From The American Spectator:
Piracy Rules Britannia
By Hal G.P. Colebatch on 5.10.11 @ 6:07AM
For several years now I have been trying to work out what has gone out of kilter in Britain. And I have to admit I don't get it all. If it is something political, it is not like anything taught in any political science course I know of.
There are innumerable instances of this peculiar dysfunction (death wish?) such as councils sending juvenile delinquents on Caribbean holidays while brave Gurkha ex-soldiers are allowed to starve to death on barren Nepalese hilltops, but the British attitude to piracy seems a good example of what is happening.
It is certainly true that a lot of other countries are not much better, or even worse, but in this matter Britain seems a particularly egregious example of impotence and paralysis, given its proud history as principal guardian of the freedom of the seas.
Civilized countries have fought pirates at sea, with no messing about, for as far back as history can be traced. Julius Caesar was captured by pirates as a young man. While waiting to be ransomed he became quite friendly with his captors and joked that after his release he would return and crucify them all. Or at least the pirates, who did not know Caesar well, thought he was joking…
Britain, having given rise to the Elizabethan buccaneers, then led the world in stamping piracy out. One of the worst British pirates, Henry Morgan, was knighted and made governor of Jamaica. Knowing all the tricks of the trade he gradually rounded up and hanged many of his former colleagues. The notorious Edward Teach ("Blackbeard") met his end at the hands of Lieutenant Robert Maynard, RN, who, after an epic cutlass duel sailed into port with Teach's head swinging from his bowsprit. A couple of female pirates of the same era got off on what was known as a "belly plea" (they were pregnant).
Methods of execution varied. A large letter "E" painted on a wall at the Thames marks Execution Dock, where, it is said, pirates were chained to drown by having three tides pass over them. Their corpses were then covered in pitch and hung in iron cages on prominent headlands as a hint to other mariners to keep to the straight and narrow.
With considerable effort and sacrifice Britain took the lead in abolishing slave-trading and at the same time also took the lead in sweeping away piracy, holding pirates to be the common enemies of all mankind. Many a Victorian British sailor cut his teeth on anti-piracy patrols in the Indian Ocean.
By the late 19th century piracy at sea had all but disappeared. As Kipling put it, 19th century ships could sail without fear:
Ye have smoked the hives of the Laccadives as we burn the lice in a bunk,
We tack not now for a Gallang prow or a plunging Pei-ho junk;
After a brief outbreak at the end of the Napoleonic wars, by the late 19th century, with its complacent assurance in the advance of civilization, pirates has become nostalgic and comic figures, with their (partly apocryphal) plank-walking, eye-patches and peg-legs, a sure sign that their day in the real world was considered done.

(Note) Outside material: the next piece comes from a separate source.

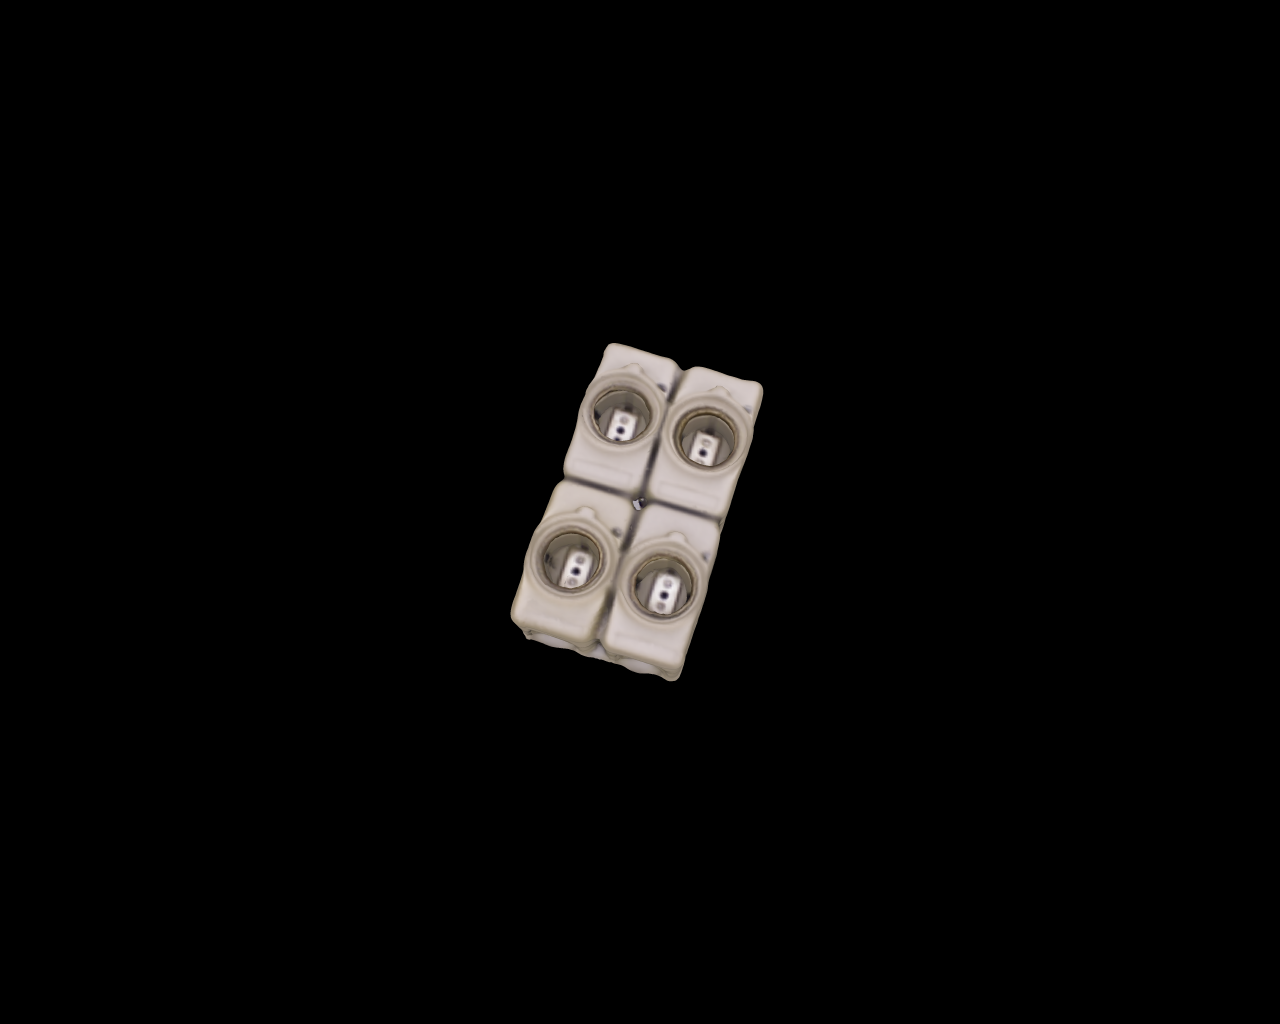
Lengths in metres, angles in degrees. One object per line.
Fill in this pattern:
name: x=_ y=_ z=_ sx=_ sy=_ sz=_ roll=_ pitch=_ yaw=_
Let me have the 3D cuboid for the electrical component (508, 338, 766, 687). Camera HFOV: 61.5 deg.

In the Australian children's classic, Norman Lindsay's The Magic Pudding, the disillusioned sailorman Bill Barnacle lamented:
So one fine day I sails away,
A pirate for to be.
But I found there was never a pirate left
On the coast of Caribee,
For pirates go, but their next of kin
Are merchant captains hard as sin,
And merchant mates, as hard as nails
Aboard of every ship that sails …
Or as John Masefield put it:
Alas, the quiddling pirates and the pretty pranks they played
Have all been put a stop to by the naughty Board of Trade;
The schooners and their merry crews are laid away to rest,
A little south of sunset, in the Islands of the Blest …

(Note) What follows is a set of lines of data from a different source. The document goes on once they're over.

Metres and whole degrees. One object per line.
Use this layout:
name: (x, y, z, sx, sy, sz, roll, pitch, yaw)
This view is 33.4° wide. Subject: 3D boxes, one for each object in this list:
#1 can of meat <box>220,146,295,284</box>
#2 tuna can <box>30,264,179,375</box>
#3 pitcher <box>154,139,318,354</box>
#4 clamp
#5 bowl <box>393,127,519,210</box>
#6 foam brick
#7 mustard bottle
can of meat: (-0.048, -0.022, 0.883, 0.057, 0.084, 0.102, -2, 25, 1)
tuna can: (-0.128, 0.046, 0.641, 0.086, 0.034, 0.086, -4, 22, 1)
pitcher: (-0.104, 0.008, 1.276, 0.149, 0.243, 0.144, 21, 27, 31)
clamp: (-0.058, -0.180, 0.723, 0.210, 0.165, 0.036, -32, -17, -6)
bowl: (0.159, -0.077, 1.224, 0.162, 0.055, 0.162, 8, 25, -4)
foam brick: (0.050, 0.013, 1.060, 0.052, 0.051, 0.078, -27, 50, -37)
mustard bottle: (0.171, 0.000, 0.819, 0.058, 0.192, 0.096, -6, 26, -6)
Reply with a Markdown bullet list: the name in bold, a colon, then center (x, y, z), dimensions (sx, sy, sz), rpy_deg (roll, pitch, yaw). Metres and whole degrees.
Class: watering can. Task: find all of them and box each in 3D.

As well as pirate verses, schools of pirate paintings sprang up, led by Howard Pyle in the U.S. and Norman Lindsay in Australia. I remember being taught at school that the coming of the steamship had put an end to piracy, except, perhaps for a few quaint and queer places like the pre-revolutionary China coast.
That, however, was then and this is now. It seems grotesque that high-tech modern navies seem able to do almost nothing about Somali pirates, who are apparently getting their information about ship movements electronically from the information flowing in and out of Lloyds, the Baltic Exchange, and similar high-tech sources. Most bizarre of all, British ships, which led the world in stamping piracy out before, have been at the center of a series of incidents that seem to demonstrate civilization's impotence in the matter.
The strikingly misnamed Wave Knight, a navy support ship with a contingent of heavily armed marines aboard, did nothing when pirates seized a yacht and the couple aboard from virtually alongside it. The victims were kept prisoner for months and badly mistreated. Journalist Melanie Phillips, whose predictions in this area have been proven correct by events, has written that "human rights law …has driven our legal system so catastrophically off the rails."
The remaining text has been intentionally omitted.